Governor of British Cyprus
- In office 4 August 1949 – 9 February 1954
- Monarchs: George VI Elizabeth II
- Preceded by: Reginald Fletcher, 1st Baron Winster
- Succeeded by: Robert Perceval Armitage

Governor of the Gambia
- In office 29 March 1947 – 1 December 1949
- Monarch: George VI
- Preceded by: Hilary Blood
- Succeeded by: Percy Wyn-Harris

Colonial Secretary of Trinidad
- In office 1943–1947

Personal details
- Born: 30 November 1895
- Died: 24 March 1971 (aged 75)
- Alma mater: Jesus College, Cambridge

= Andrew Barkworth Wright =

Sir Andrew Barkworth Wright KCMG CBE MC with Bar (30 November 1895 – 24 March 1971) was a British colonial administrator and army officer. He served as the Governor of British Cyprus from 1949 to 1954 and as Governor of the Gambia from 1947 to 1949.
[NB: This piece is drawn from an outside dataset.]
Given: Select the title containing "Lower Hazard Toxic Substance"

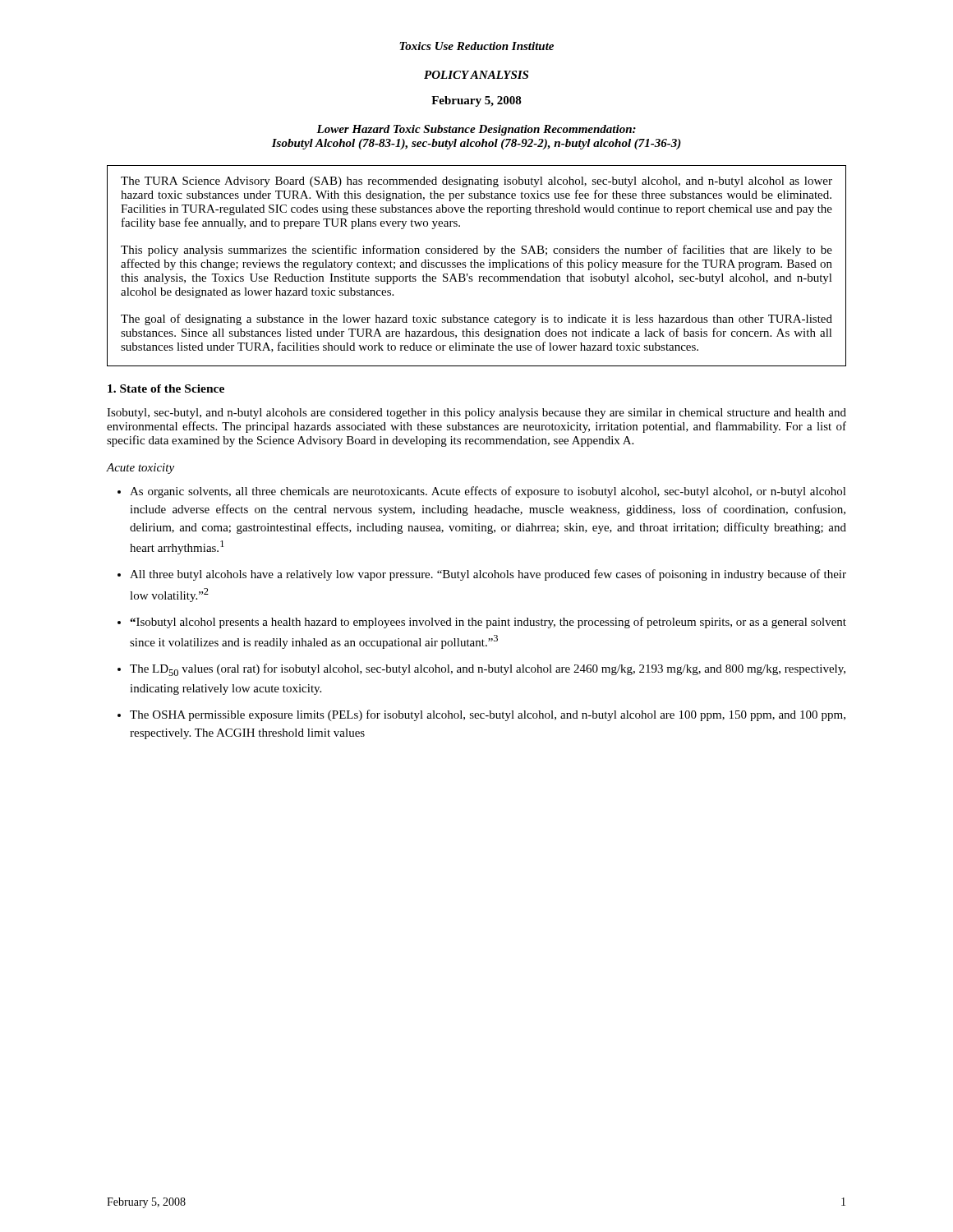Looking at the screenshot, I should coord(476,136).

== Early life and education ==
Wright was born in Mawgan-in-Meneage, Cornwall, the son of an Anglican clergyman. His heritage has been traced back to John I'Anson (1467–1546), who migrated from Belgium to Cumbria. He was educated at Haileybury and Imperial Service College from 1910 to 1914 and later at Jesus College, Cambridge. He served as an officer in the Suffolk Regiment during World War I and won the Military Cross (MC) in 1917.

== Colonial service ==
Wright joined the civil service in British Cyprus in 1922 and, by 1937, had become its Colonial Secretary. He re-enlisted in the army during World War II but left in 1943 at the rank of Lieutenant Colonel to become Colonial Secretary of Trinidad. In January 1947, he was appointed Governor of the Gambia, and in 1948, he was knighted. During his tenure as Governor, the Colonial Development Corporation implemented the failed Yundum egg scheme and the marginal experimental rice farm at Wallikunda.

A lack of funds stifled Wright's efforts to improve the social and economic situations. However, during his time, the first direct election to the Legislative Council was organised in 1947, and Edward Francis Small was elected. He also adopted a policy of Africanization in the civil service and sought to reduce European privilege, for instance, by opening up the 'European block' at the Royal Victoria Hospital. In May 1949, it was announced that Wright would be transferred to Cyprus, where there was a deteriorating political situation. Due to his popularity in the Gambia, this sparked large-scale protests in Bathurst, led by Small and J. C. Faye.

During his time as Governor of British Cyprus, 96% of Greek Cypriots voted for a union with Greece in 1950. Wright retired from colonial service in 1953. He died in Lewknor, Oxfordshire, on 24 March 1971.